“张佥事认得我?”
张信直起身, 目光在她脸上停留片刻,似有感慨。
“在下不曾拜见过王妃,不敢说认得。”他道, “只是王妃的相貌……与魏国公颇有几分相似。在下斗胆一猜,竟猜中了。”
徐妙仪挑了挑眉。
魏国公,那是她这身子的父亲, 徐达。
“张佥事与我父亲相识?”
张信点了点头,目光里闪过一丝追忆之色。
“洪武三年,在下曾随冯胜将军北伐,与魏国公同在一营。”他道, “那时候在下还是个愣头青,什么都不懂。有一回在漠北遭遇北元骑兵, 在下贪功冒进, 被围在了一处山谷里。”

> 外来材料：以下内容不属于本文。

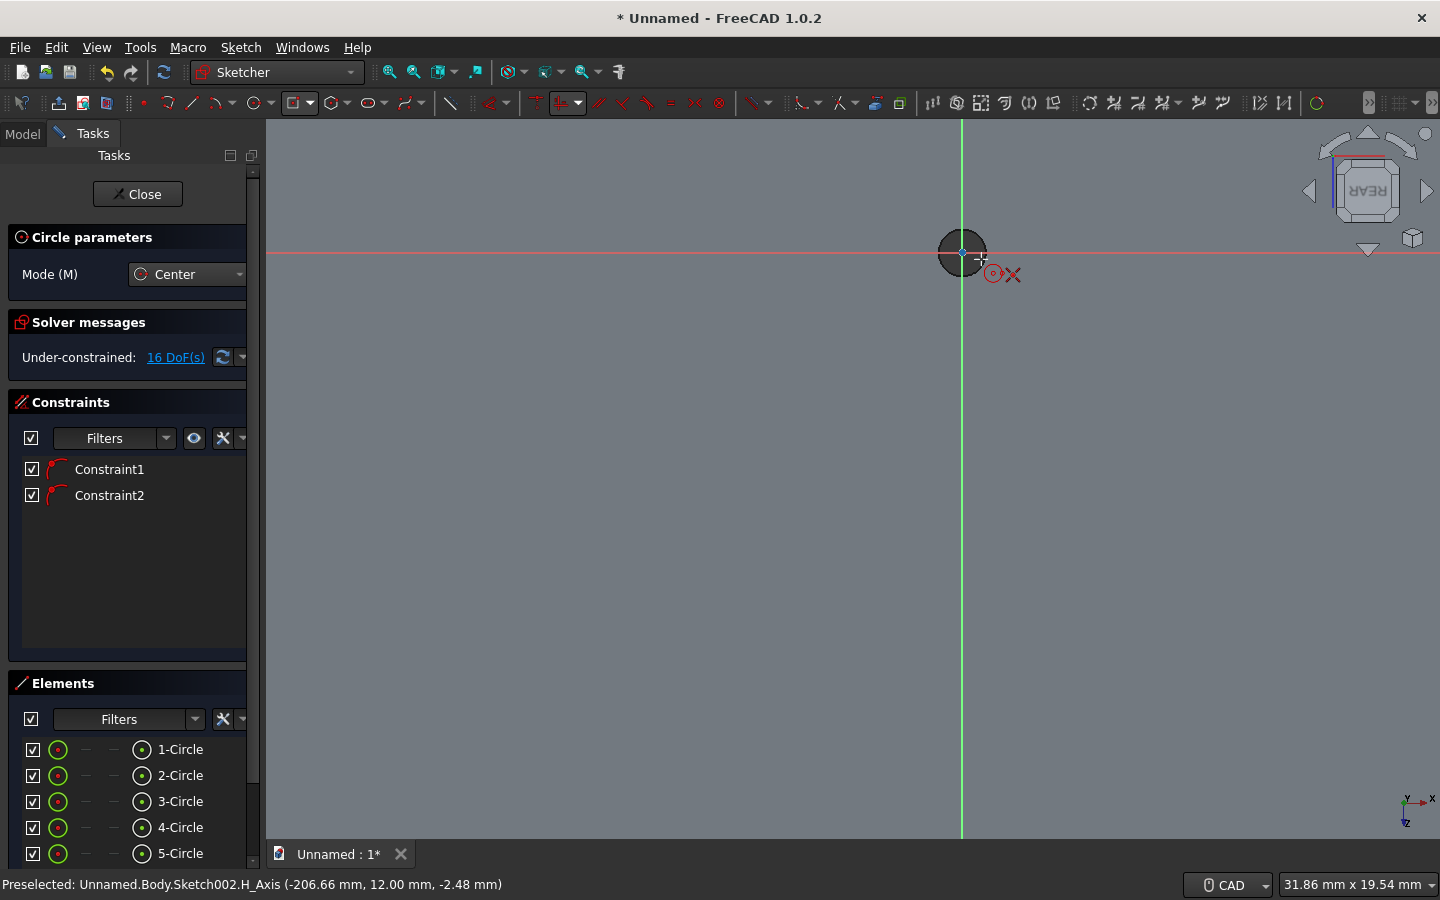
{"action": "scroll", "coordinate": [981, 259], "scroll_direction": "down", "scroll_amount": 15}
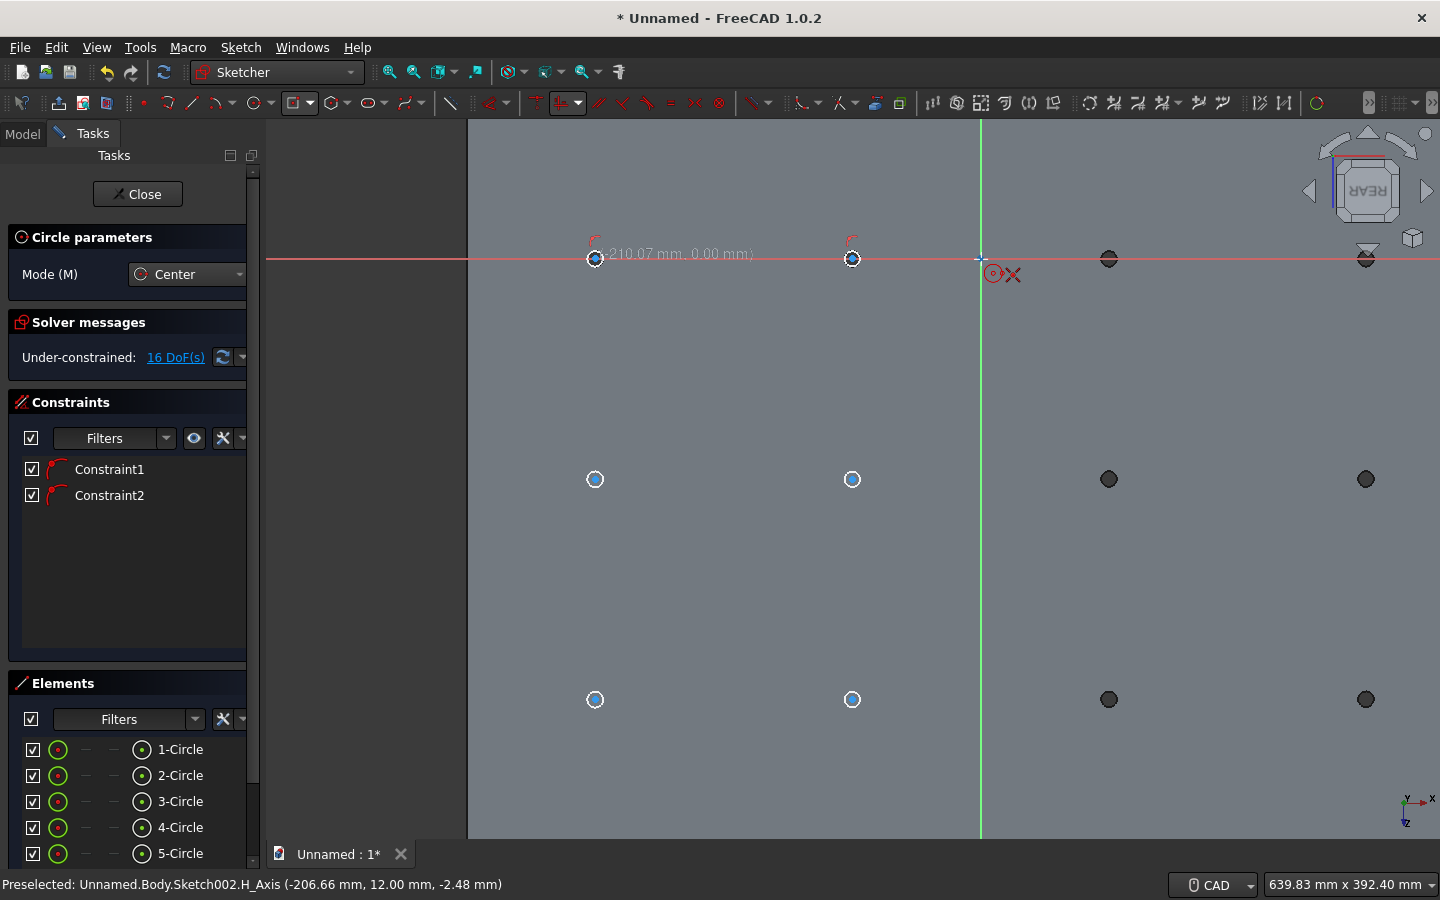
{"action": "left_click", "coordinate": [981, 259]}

“是魏国公亲自带人杀进来,把在下救出去的。那山谷叫什么来着……乌兰不浪,对, 乌兰不浪。蒙语的意思是红色的泉水。那泉水的颜色,在下至今忘不了。”
“后来呢?”她问。
张信道:“后来在下随黔宁王镇守云南,一去就是二十年。魏国公去世的时候,在下在几千里外,连炷香都没能给他点上。”
他说到这里,声音有些低沉。
“上月在下奉调来北平,就想找个机会拜祭魏国公。不想今日竟遇见王妃, 在下斗胆, 请王妃受在下一拜。”
说罢,他竟真的撩起袍角,单膝跪了下去。
徐妙仪吓了一跳, 连忙伸手去扶:“张佥事这是做什么?快起来!”
张信却不肯起,低着头道:“王妃不必拦我。这一拜,是我欠魏国公的。二十年了,我一直想找机会还他。他不在了,拜在他女儿面前,也是一样的。”
说罢,他郑重其事地叩下头去。
徐妙仪看着他的发顶,一时不知该说什么。
街边已经有人在看了。几个小贩伸长了脖子往这边瞧,交头接耳地议论着什么。
她叹了口气,低声道:“张佥事,你快起来。再跪下去,明日全北平都知道燕王妃在街上让人跪拜了。”
张信一愣,旋即醒悟过来,连忙起身。
“在下鲁莽,王妃恕罪。”
徐妙仪看着他,忽然笑了笑。
这人倒是实诚。
二十年了,还记得当年那一救之恩。这样的人,不多了。
“张佥事不必多礼。”她道,“我父亲若知道你还记着他,想必也是欣慰的。”
张信再拜而退。
徐妙仪立在原处,看着他离去的背影汇入街巷人流,这才收回目光,继续朝着先前的方向去寻柳书生。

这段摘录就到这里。